Perhaps the most striking characteristic of both the Bem (2011) study and the set of studies reporting verbal overshadowing is that they meet the current standards of experimental psychology. The implication is that it is the standards and practices of the field that are not operating properly. Clearly, these standards and practices need to be improved to ensure that the frequency of reporting the null hypothesis is consistent with the power of the experiments. Such improvements are long overdue. Sterling (1959) noted that 97.3% of statistical tests rejected the null hypothesis for the major scientific findings reported in four psychology journals. A follow-up analysis by Sterling, Rosenbaum, and Weinkam (1995) found a similar result, with a null hypothesis rejection rate of 95.56%. These high percentages suggest that the power of the experiments (if the alternative hypothesis is true) must generally be well above .9, even though power values in the range of .25 to .85 are more common in psychology (Hedges, 1984). Formalizing this discrepancy between the observed and expected proportions of rejections of the null hypothesis is the core of the publication bias test developed by Ioannidis and Trikalinos (2007) and used above.
When publication bias has been reported in other fields (e.g., by Munafò & Flint, 2010), there is often a call to create a registry of planned experiments and to require researchers to describe the outcomes of the experiments, regardless of the findings (Schooler, 2011). Such a project would be an expensive undertaking, would require complex paperwork for every experiment, and would be difficult to enforce for a field like experimental psychology, where many of the investigations are exploratory rather than planned. A much simpler partial solution to the problem would be Bayesian data analysis.

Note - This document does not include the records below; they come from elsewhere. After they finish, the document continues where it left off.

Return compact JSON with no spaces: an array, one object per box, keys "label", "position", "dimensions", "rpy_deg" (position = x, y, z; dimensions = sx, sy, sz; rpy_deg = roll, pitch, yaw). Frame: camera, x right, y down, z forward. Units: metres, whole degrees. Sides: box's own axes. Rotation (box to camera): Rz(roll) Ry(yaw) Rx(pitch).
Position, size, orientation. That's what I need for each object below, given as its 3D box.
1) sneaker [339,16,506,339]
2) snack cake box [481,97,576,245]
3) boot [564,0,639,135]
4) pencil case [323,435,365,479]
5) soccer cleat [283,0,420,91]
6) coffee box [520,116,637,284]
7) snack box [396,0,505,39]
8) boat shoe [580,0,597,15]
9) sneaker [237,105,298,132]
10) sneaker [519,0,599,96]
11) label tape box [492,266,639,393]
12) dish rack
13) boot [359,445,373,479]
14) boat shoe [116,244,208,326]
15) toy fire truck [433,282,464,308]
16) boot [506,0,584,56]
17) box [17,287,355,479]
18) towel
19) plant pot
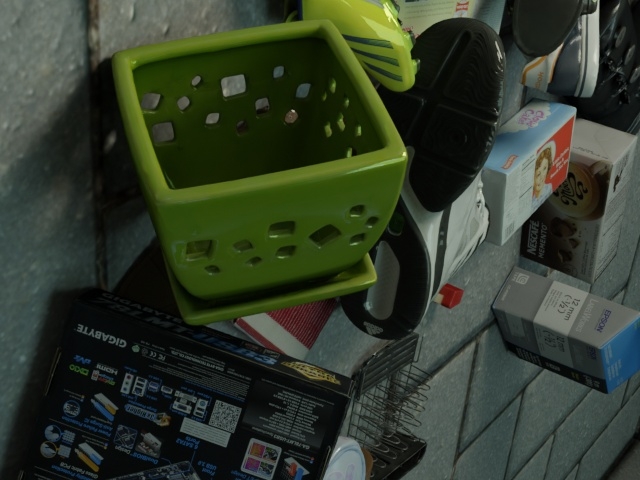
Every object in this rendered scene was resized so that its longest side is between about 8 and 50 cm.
[{"label":"sneaker","position":[0.161,-0.102,1.400],"dimensions":[0.257,0.169,0.447],"rpy_deg":[-36,146,-59]},{"label":"snack cake box","position":[0.349,-0.126,1.793],"dimensions":[0.264,0.089,0.152],"rpy_deg":[-39,139,-40]},{"label":"boot","position":[0.566,-0.406,1.918],"dimensions":[0.445,0.146,0.366],"rpy_deg":[27,85,-56]},{"label":"pencil case","position":[-0.083,0.246,1.167],"dimensions":[0.113,0.273,0.124],"rpy_deg":[-59,149,-28]},{"label":"soccer cleat","position":[0.019,-0.260,1.144],"dimensions":[0.121,0.093,0.289],"rpy_deg":[-36,137,4]},{"label":"coffee box","position":[0.503,-0.081,1.996],"dimensions":[0.119,0.168,0.297],"rpy_deg":[-41,143,-37]},{"label":"snack box","position":[0.160,-0.342,1.359],"dimensions":[0.322,0.060,0.187],"rpy_deg":[-22,127,-52]},{"label":"boat shoe","position":[0.385,-0.455,1.558],"dimensions":[0.081,0.069,0.227],"rpy_deg":[149,-59,-80]},{"label":"sneaker","position":[-0.063,-0.126,1.164],"dimensions":[0.188,0.066,0.071],"rpy_deg":[-13,104,-60]},{"label":"sneaker","position":[0.385,-0.384,1.644],"dimensions":[0.126,0.128,0.321],"rpy_deg":[79,17,-65]},{"label":"label tape box","position":[0.547,0.207,2.087],"dimensions":[0.115,0.348,0.249],"rpy_deg":[-57,149,-17]},{"label":"dish rack","position":[0.118,0.294,1.729],"dimensions":[0.208,0.074,0.271],"rpy_deg":[-24,130,-51]},{"label":"boot","position":[-0.037,0.458,1.586],"dimensions":[0.283,0.109,0.220],"rpy_deg":[-32,147,-43]},{"label":"boat shoe","position":[-0.102,0.027,1.149],"dimensions":[0.302,0.109,0.098],"rpy_deg":[-40,163,-27]},{"label":"toy fire truck","position":[0.194,0.051,1.707],"dimensions":[0.192,0.047,0.135],"rpy_deg":[-4,115,-57]},{"label":"boot","position":[0.316,-0.363,1.476],"dimensions":[0.229,0.091,0.262],"rpy_deg":[106,-3,-82]},{"label":"box","position":[-0.148,0.233,1.031],"dimensions":[0.073,0.296,0.293],"rpy_deg":[-56,164,-79]},{"label":"towel","position":[0.000,0.000,1.367],"dimensions":[0.329,0.037,0.237],"rpy_deg":[-60,150,-11]},{"label":"plant pot","position":[-0.063,-0.056,0.974],"dimensions":[0.227,0.228,0.207],"rpy_deg":[-12,138,-12]}]

A Bayesian approach has two features that mitigate the appearance of publication bias. First, in addition to finding evidence in support of an alternative hypothesis, a Bayesian analysis can find evidence in support of a null hypothesis. Thus, an experiment that finds convincing evidence for a null hypothesis provides publishable scientific information about a phenomenon in a way that a failure to reject the null hypothesis does not. Second, a Bayesian analysis is largely insensitive to the effects of data peeking and multiple tests (Berger & Berry, 1988; Kruschke, 2010; Wagenmakers, 2007), so some of the methodological approaches that inflate Type I error rates and introduce a publication bias would be rendered inert. Bayesian data analysis is only a partial solution because the file drawer problem might still result from the actions of researchers, reviewers, and editors who deliberately or unintentionally choose to suppress experimental findings that go against their hopes. Such remaining cases could be identified by the publication bias test described in this article, or by a Bayesian equivalent.
The findings of the publication bias test in experimental psychology demonstrate that the care that is so rigorously taken at the level of an experiment is sometimes not being exercised at the next level up, when research findings are being reported. Such publication bias is inappropriate for an objective science, and the field must improve its methods and reporting practices to avoid it.